Now our shiny beautiful blender sits right on the counter. It has had prime real estate ever since we first set up the kitchen. And it gets a lot of use! I use the blender almost every day, and sometimes more than once a day. I love a smoothie in the morning (although I usually have it as more of a mid morning snack because I often want something more substantial when I first wake up). And especially in the summer, with all kinds of fresh fruit andberries around, it can make the perfect afternoon pick me up. There are all kinds of different things you can blend up, and while I generally stick to fruit smoothies, I also sometimes blend my iced coffee into a kind of homemade frappuchino, or do a peanut butter banana smoothie if I want something a little more decadent. This peanut butter banana Nutella one tastes like dessert, but it’s only got one scoop of chocolate in it. (And I know plenty of people who don’t even consider Nutella the same as chocolate- it’s a snack! It’s breakfast! It can be anything, apparently). With the peanut butter, banana, and greek yogurt, it’s a snack that will get you through the rest of your day, but with a little extra sweetness that makes you think you just might be drinking a milkshake. And that’s always a treat.

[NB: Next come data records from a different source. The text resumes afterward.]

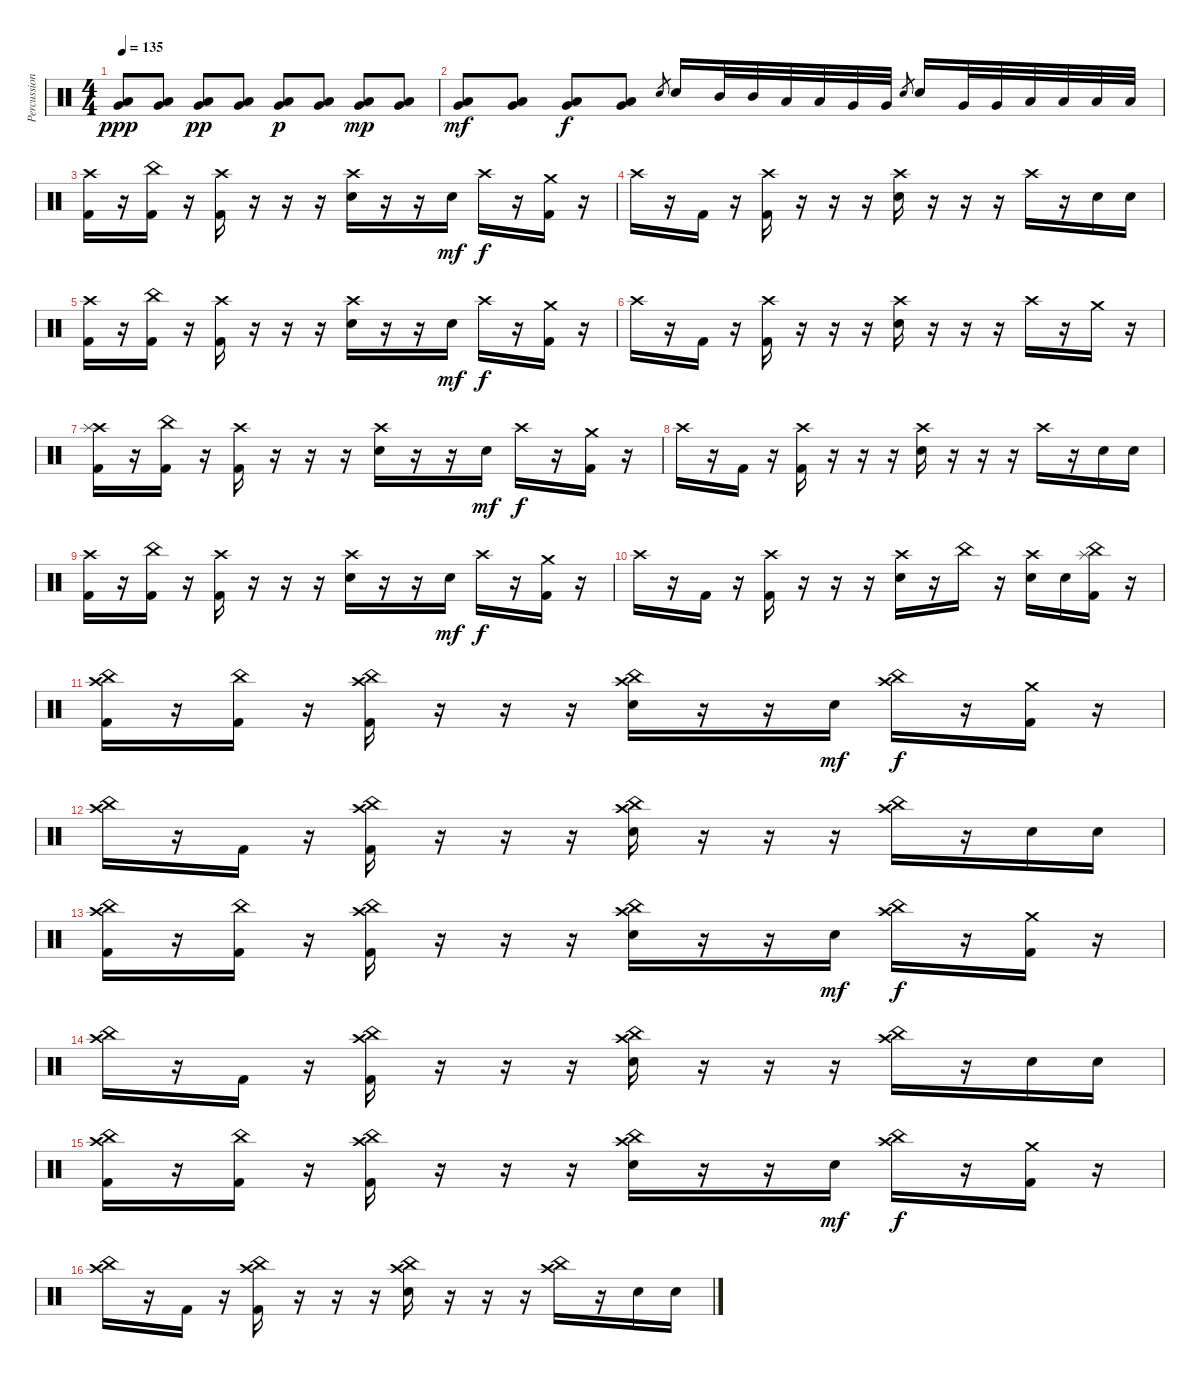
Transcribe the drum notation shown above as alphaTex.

\track ("Percussion" "Percussion") {instrument percussion}
\staff {score}
\articulation defaults
\ts (4 4)
\tempo 135
\clef neutral
\ks c
("Low Floor Tom (hit)" "Very Low Tom (hit)").8{dy ppp} ("Low Floor Tom (hit)" "Very Low Tom (hit)").8 ("Low Floor Tom (hit)" "Very Low Tom (hit)").8{dy pp} ("Low Floor Tom (hit)" "Very Low Tom (hit)").8 ("Low Floor Tom (hit)" "Very Low Tom (hit)").8{dy p} ("Low Floor Tom (hit)" "Very Low Tom (hit)").8 ("Low Floor Tom (hit)" "Very Low Tom (hit)").8{dy mp} ("Low Floor Tom (hit)" "Very Low Tom (hit)").8 |
("Low Floor Tom (hit)" "Very Low Tom (hit)").8{dy mf} ("Low Floor Tom (hit)" "Very Low Tom (hit)").8 ("Low Floor Tom (hit)" "Very Low Tom (hit)").8{dy f} ("Low Floor Tom (hit)" "Very Low Tom (hit)").8 "Electric Snare (hit)".8{gr} "Electric Snare (hit)".16 "Mid Tom (hit)".32 "Mid Tom (hit)".32 "Low Tom (hit)".32 "Low Tom (hit)".32 "Very Low Tom (hit)".32 "Very Low Tom (hit)".32 "Electric Snare (hit)".8{gr} "Electric Snare (hit)".16 "Very Low Tom (hit)".32 "Very Low Tom (hit)".32 "Low Floor Tom (hit)".32 "Low Floor Tom (hit)".32 "Low Floor Tom (hit)".32 "Low Floor Tom (hit)".32 |
("Crash high (hit)" "Kick (hit) 2").16 r.16 ("China (hit)" "Kick (hit) 2").16 r.16 ("Crash high (hit)" "Kick (hit) 2").16 r.16 r.16 r.16 ("Crash high (hit)" "Electric Snare (hit)").16 r.16 r.16 "Electric Snare (hit)".16{dy mf} "Crash high (hit)".16{dy f} r.16 ("Crash medium (hit)" "Kick (hit) 2").16 r.16 |
"Crash high (hit)".16 r.16 "Kick (hit) 2".16 r.16 ("Crash high (hit)" "Kick (hit) 2").16 r.16 r.16 r.16 ("Crash high (hit)" "Electric Snare (hit)").16 r.16 r.16 r.16 "Crash high (hit)".16 r.16 "Electric Snare (hit)".16 "Electric Snare (hit)".16 |
("Crash high (hit)" "Kick (hit) 2").16 r.16 ("China (hit)" "Kick (hit) 2").16 r.16 ("Crash high (hit)" "Kick (hit) 2").16 r.16 r.16 r.16 ("Crash high (hit)" "Electric Snare (hit)").16 r.16 r.16 "Electric Snare (hit)".16{dy mf} "Crash high (hit)".16{dy f} r.16 ("Crash medium (hit)" "Kick (hit) 2").16 r.16 |
"Crash high (hit)".16 r.16 "Kick (hit) 2".16 r.16 ("Crash high (hit)" "Kick (hit) 2").16 r.16 r.16 r.16 ("Crash high (hit)" "Electric Snare (hit)").16 r.16 r.16 r.16 "Crash high (hit)".16 r.16 "Crash medium (hit)".16 r.16 |
("Crash high (hit)" "Splash (hit)" "Kick (hit) 2").16 r.16 ("China (hit)" "Kick (hit) 2").16 r.16 ("Crash high (hit)" "Kick (hit) 2").16 r.16 r.16 r.16 ("Crash high (hit)" "Electric Snare (hit)").16 r.16 r.16 "Electric Snare (hit)".16{dy mf} "Crash high (hit)".16{dy f} r.16 ("Crash medium (hit)" "Kick (hit) 2").16 r.16 |
"Crash high (hit)".16 r.16 "Kick (hit) 2".16 r.16 ("Crash high (hit)" "Kick (hit) 2").16 r.16 r.16 r.16 ("Crash high (hit)" "Electric Snare (hit)").16 r.16 r.16 r.16 "Crash high (hit)".16 r.16 "Electric Snare (hit)".16 "Electric Snare (hit)".16 |
("Crash high (hit)" "Kick (hit) 2").16 r.16 ("China (hit)" "Kick (hit) 2").16 r.16 ("Crash high (hit)" "Kick (hit) 2").16 r.16 r.16 r.16 ("Crash high (hit)" "Electric Snare (hit)").16 r.16 r.16 "Electric Snare (hit)".16{dy mf} "Crash high (hit)".16{dy f} r.16 ("Crash medium (hit)" "Kick (hit) 2").16 r.16 |
"Crash high (hit)".16 r.16 "Kick (hit) 2".16 r.16 ("Crash high (hit)" "Kick (hit) 2").16 r.16 r.16 r.16 ("Crash high (hit)" "Electric Snare (hit)").16 r.16 "China (hit)".16 r.16 ("Crash high (hit)" "Electric Snare (hit)").16 "Electric Snare (hit)".16 ("China (hit)" "Splash (hit)" "Kick (hit) 2").16 r.16 |
("Crash high (hit)" "China (hit)" "Kick (hit) 2").16 r.16 ("China (hit)" "Kick (hit) 2").16 r.16 ("Crash high (hit)" "China (hit)" "Kick (hit) 2").16 r.16 r.16 r.16 ("Crash high (hit)" "China (hit)" "Electric Snare (hit)").16 r.16 r.16 "Electric Snare (hit)".16{dy mf} ("Crash high (hit)" "China (hit)").16{dy f} r.16 ("Crash medium (hit)" "Kick (hit) 2").16 r.16 |
("Crash high (hit)" "China (hit)").16 r.16 "Kick (hit) 2".16 r.16 ("Crash high (hit)" "China (hit)" "Kick (hit) 2").16 r.16 r.16 r.16 ("Crash high (hit)" "China (hit)" "Electric Snare (hit)").16 r.16 r.16 r.16 ("Crash high (hit)" "China (hit)").16 r.16 "Electric Snare (hit)".16 "Electric Snare (hit)".16 |
("Crash high (hit)" "China (hit)" "Kick (hit) 2").16 r.16 ("China (hit)" "Kick (hit) 2").16 r.16 ("Crash high (hit)" "China (hit)" "Kick (hit) 2").16 r.16 r.16 r.16 ("Crash high (hit)" "China (hit)" "Electric Snare (hit)").16 r.16 r.16 "Electric Snare (hit)".16{dy mf} ("Crash high (hit)" "China (hit)").16{dy f} r.16 ("Crash medium (hit)" "Kick (hit) 2").16 r.16 |
("Crash high (hit)" "China (hit)").16 r.16 "Kick (hit) 2".16 r.16 ("Crash high (hit)" "China (hit)" "Kick (hit) 2").16 r.16 r.16 r.16 ("Crash high (hit)" "China (hit)" "Electric Snare (hit)").16 r.16 r.16 r.16 ("Crash high (hit)" "China (hit)").16 r.16 "Electric Snare (hit)".16 "Electric Snare (hit)".16 |
("Crash high (hit)" "China (hit)" "Kick (hit) 2").16 r.16 ("China (hit)" "Kick (hit) 2").16 r.16 ("Crash high (hit)" "China (hit)" "Kick (hit) 2").16 r.16 r.16 r.16 ("Crash high (hit)" "China (hit)" "Electric Snare (hit)").16 r.16 r.16 "Electric Snare (hit)".16{dy mf} ("Crash high (hit)" "China (hit)").16{dy f} r.16 ("Crash medium (hit)" "Kick (hit) 2").16 r.16 |
("Crash high (hit)" "China (hit)").16 r.16 "Kick (hit) 2".16 r.16 ("Crash high (hit)" "China (hit)" "Kick (hit) 2").16 r.16 r.16 r.16 ("Crash high (hit)" "China (hit)" "Electric Snare (hit)").16 r.16 r.16 r.16 ("Crash high (hit)" "China (hit)").16 r.16 "Electric Snare (hit)".16 "Electric Snare (hit)".16

:Peanut Butter Banana Nutella Dessert Smoothie:


1/2 cup Greek yogurt (plain or vanilla)

1 banana

2 tablespoons peanut butter

1 tablespoon Nutella

1/2 cup milk

1 cup ice


Combine all ingredients in a blender. Blend on smooth until smooth. Add more ice to make it thicker, if desired.

Healthy Coconut Granola

I have always loved granola but don’t love how expensive it can be at the store or all the added sugars that get put into it, making it less good for you than you think. I never thought about making it myself until the beginning of this summer when I kept seeing recipes for it that looked amazing and even my mother told me she made some homemade granola and it was great. I ended up combining a lot of different recipes I saw and throwing in whatever I thought looked like it would be a good addition, and ended up with a super simple, unique granola that is worth making every week or so to have on hand. It makes a yummy, filling breakfast, or you can have a small bowl or a dry handful for a satisfying snack. I end up having it right before bed when my tummy starts grumbling and nothing else sounds good.

Coconut Granola

I like to make this on a Sunday afternoon while doing chores around the house. It’s super easy to make, but you do have to keep an eye on it in the oven to make sure it doesn’t start to get too brown– it can literally be a matter of seconds when it goes from toasted to burned. Making a jar of this makes it feel like I’ve done something to prepare for the week and I like knowing I have something healthy to eat whenever I’ll need it, no matter what comes up!

:Coconut Granola:


2 1/2 cups Oats

1/2 cups Sliced Almonds

1/2 cups Coconut (shredded, flaked, or combination)

1/4 cups Flax Seeds

1/4 cups Sunflower Seeds

1/4 cups Chia Seeds

1/4 cups Maple Syrup

1/4 cups Coconut Oil


Preheat oven to 350 and line a baking sheet with parchment paper. Mix together oats, almonds, flax, sunflower, chia seeds in a large bowl. In a separate small bowl combine maple syrup and coconut oil (if it gets thick, microwave for ten seconds and stir again). Pour syrup mixture over oat mixture and stir to incorporate. Spread onto baking sheet in an even layer and bake for ten minutes. Remove from oven and carefully mix with a wooden spoon so that the pieces that were on top and browning get mixed back in. Spread back out into even layer and bake ten more minutes. Remove from oven again and add coconut, mixing carefully to combine. Spread back out and make for ten more minutes. You may want to mix it up again halfway through this time, depending on the size of your coconut (big flakes that stick out more will burn faster so you will want to stir it after five minutes again). Once it is all looking nice and toasty light brown, remove from oven and let cool. When completely cool, pour into a glass jar to store.